Article (15) grants the Ministry the authority to revoke any media license for any reason it deems valid. This effectively positions the Ministry as a constant threat to all media outlets, compelling them to praise the government and its achievements. This article could be easily used by the government to suppress independent media.
Article (16) grants the judiciary the final decision in cases involving the revocation of licenses or the suspension of licensed media activities. However, given the overlap of powers and the lack of an independent and impartial judiciary, the risk to independent media outlets is substantial. This repressive integration between the executive authority and the politicised judiciary became clear when the Court of First Instance issued, on 26 September 2016, a verdict to arbitrarily permanently close the only independent newspaper in the country, “Azamn”, and to imprison three of its journalists, with the full support of the government, led by the Ministry of Information.
Article (17) grants the public prosecutor or the designated court the authority to suspend media operations indefinitely during both the investigation and trials. This provision directly undermines fundamental principles of justice, including the presumption of innocence until proven guilty.
Article (19) significantly expands the scope of publishing bans, and restrictions on disseminating news and information as initially outlined in Article (4). It includes all topics prohibited under any of the country’s laws. This may create a tendency toward self-censorship, as individuals may discuss subjects forbidden by laws they are unaware of.

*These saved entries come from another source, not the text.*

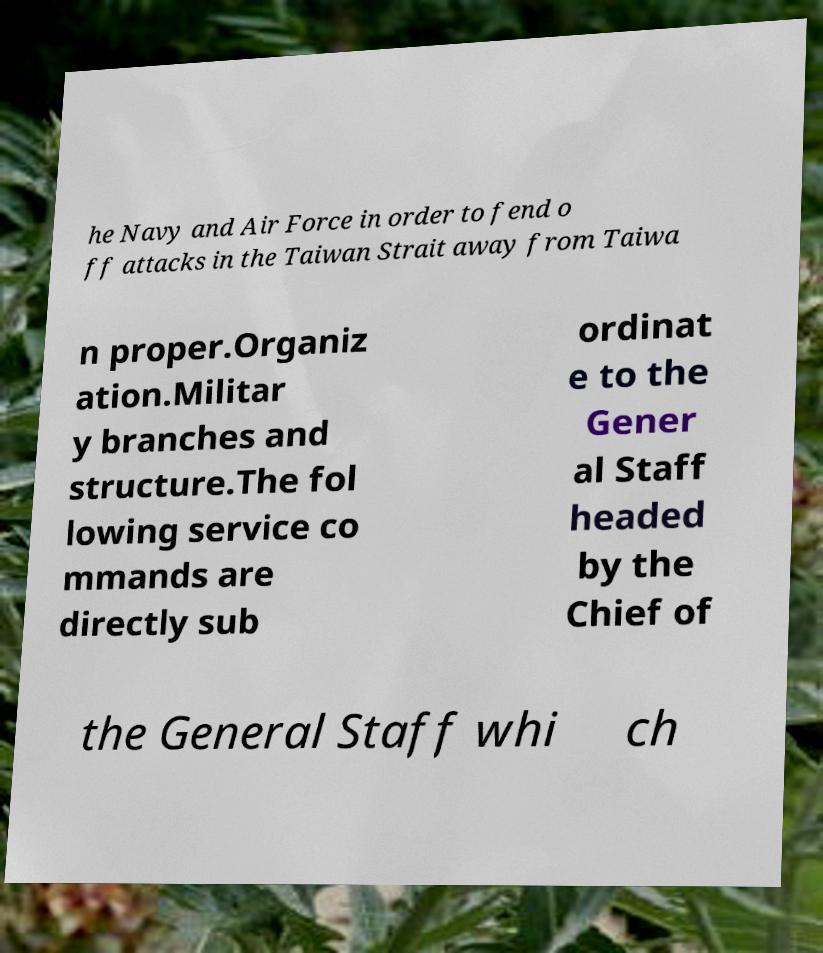Could you extract and type out the text from this image? he Navy and Air Force in order to fend o ff attacks in the Taiwan Strait away from Taiwa n proper.Organiz ation.Militar y branches and structure.The fol lowing service co mmands are directly sub ordinat e to the Gener al Staff headed by the Chief of the General Staff whi ch 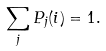Convert formula to latex. <formula><loc_0><loc_0><loc_500><loc_500>\sum _ { j } P _ { j } ( i ) = 1 .</formula> 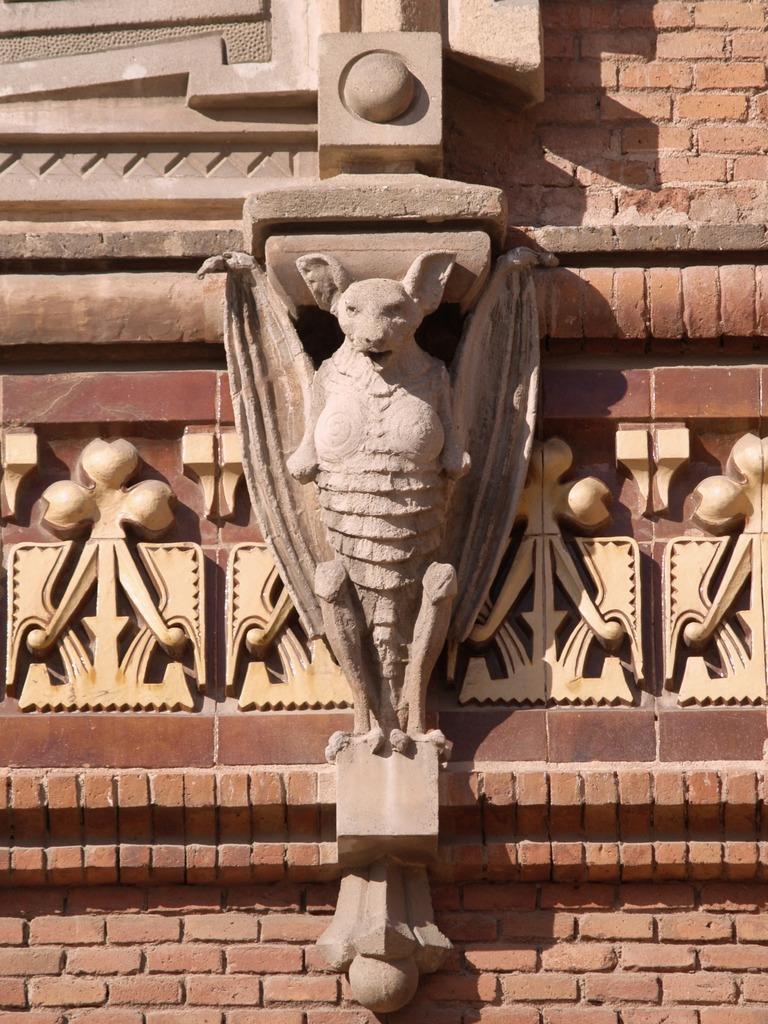In one or two sentences, can you explain what this image depicts? In this image there is a structure of an animal carved on the wall.

Chapter 7 encompasses 12 articles, comprising approximately 12% of the entire law, and is dedicated to penalties. These include prison sentences ranging from three months to three years and fines between OMR 5,000 and OMR 200,000 (approx. 12,285 to 491,350 EUR). Such penalties are excessively harsh, and the fines are exceptionally high, particularly when considering that these sanctions pertain to publishing and media-related cases.
The drafting of this oppressive law suggests that the primary objective was to criminalise journalists and online activists for their opinions. By enacting such legislation, it becomes evident that the authorities do not truly embrace the notion that creativity thrives only when public freedoms are respected.
The government’s introduction of this blatantly-repressive media law, at a time when the world is preoccupied with numerous crises, is a clear attempt to legitimise its authoritarian practices. It seeks to tighten its grip on the media, impose widespread surveillance on all citizens, including journalists, media activists, and media institutions, and control the dissemination of news, reports, and information. This poses a serious threat to fundamental rights.
Recommendations
GCHR calls for the immediate revision of all repressive provisions in this law to protect the freedom of expression and opinion in the country. It is essential to preserve public freedoms and ensure that a free press can contribute to building a bright future for all citizens, without exception.